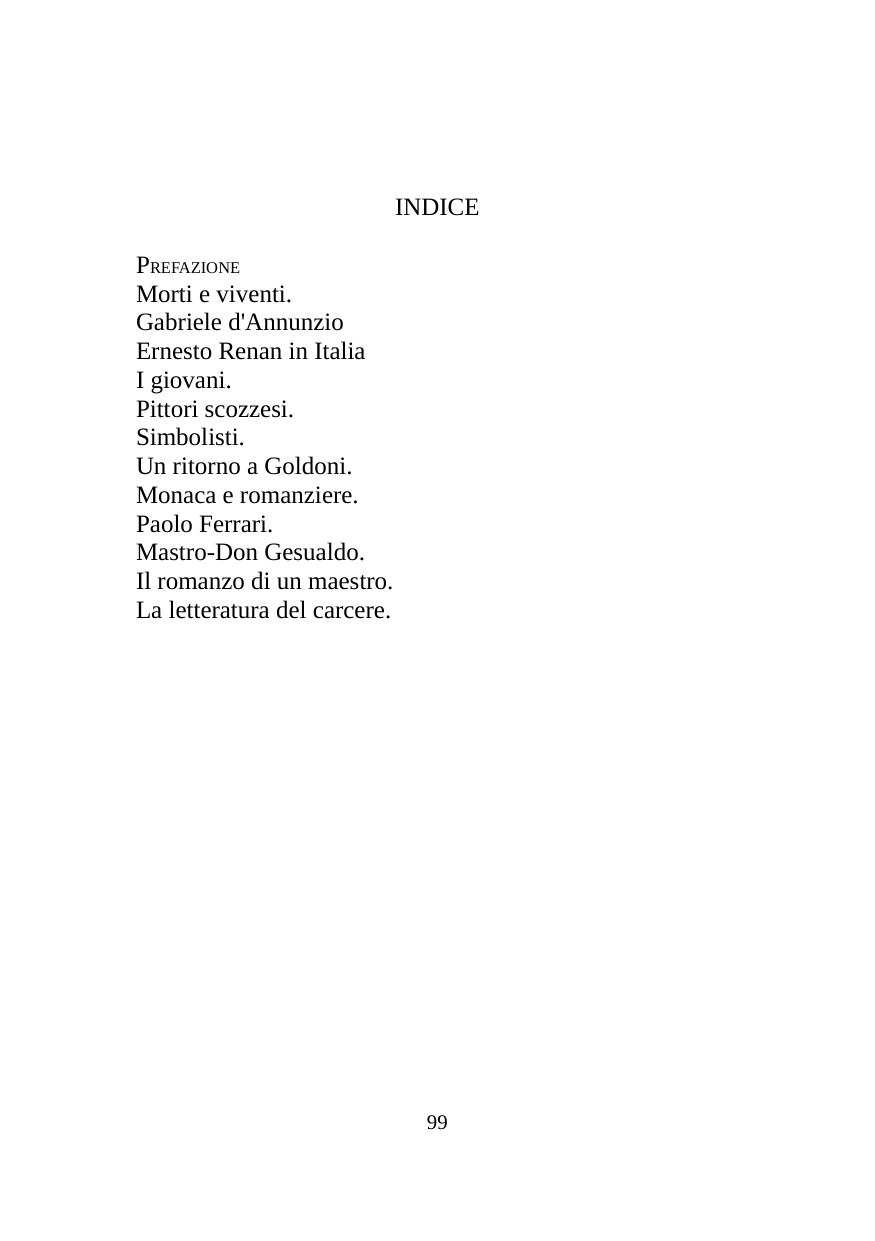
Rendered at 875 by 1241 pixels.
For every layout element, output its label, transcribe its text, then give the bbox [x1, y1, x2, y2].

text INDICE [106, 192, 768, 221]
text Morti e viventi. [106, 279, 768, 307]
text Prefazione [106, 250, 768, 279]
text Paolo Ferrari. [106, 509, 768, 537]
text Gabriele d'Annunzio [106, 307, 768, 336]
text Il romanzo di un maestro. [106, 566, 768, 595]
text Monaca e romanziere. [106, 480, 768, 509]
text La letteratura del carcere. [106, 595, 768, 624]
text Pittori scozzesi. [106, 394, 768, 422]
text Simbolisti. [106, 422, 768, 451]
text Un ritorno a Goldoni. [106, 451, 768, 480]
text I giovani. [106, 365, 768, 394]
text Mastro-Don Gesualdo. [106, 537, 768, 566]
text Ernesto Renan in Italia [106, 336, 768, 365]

## ACTIVITY:
An exact printout of the listing is needed, minus any pictures it contains.

## EXERCISE OUTPUT:
Rendered at 875 by 1241 pixels.
For every layout element, output its label, transcribe its text, then give the bbox [x1, y1, x2, y2].

text INDICE [106, 192, 768, 221]
text Morti e viventi. [106, 279, 768, 307]
text Prefazione [106, 250, 768, 279]
text Paolo Ferrari. [106, 509, 768, 537]
text Gabriele d'Annunzio [106, 307, 768, 336]
text Il romanzo di un maestro. [106, 566, 768, 595]
text Monaca e romanziere. [106, 480, 768, 509]
text La letteratura del carcere. [106, 595, 768, 624]
text Pittori scozzesi. [106, 394, 768, 422]
text Simbolisti. [106, 422, 768, 451]
text Un ritorno a Goldoni. [106, 451, 768, 480]
text I giovani. [106, 365, 768, 394]
text Mastro-Don Gesualdo. [106, 537, 768, 566]
text Ernesto Renan in Italia [106, 336, 768, 365]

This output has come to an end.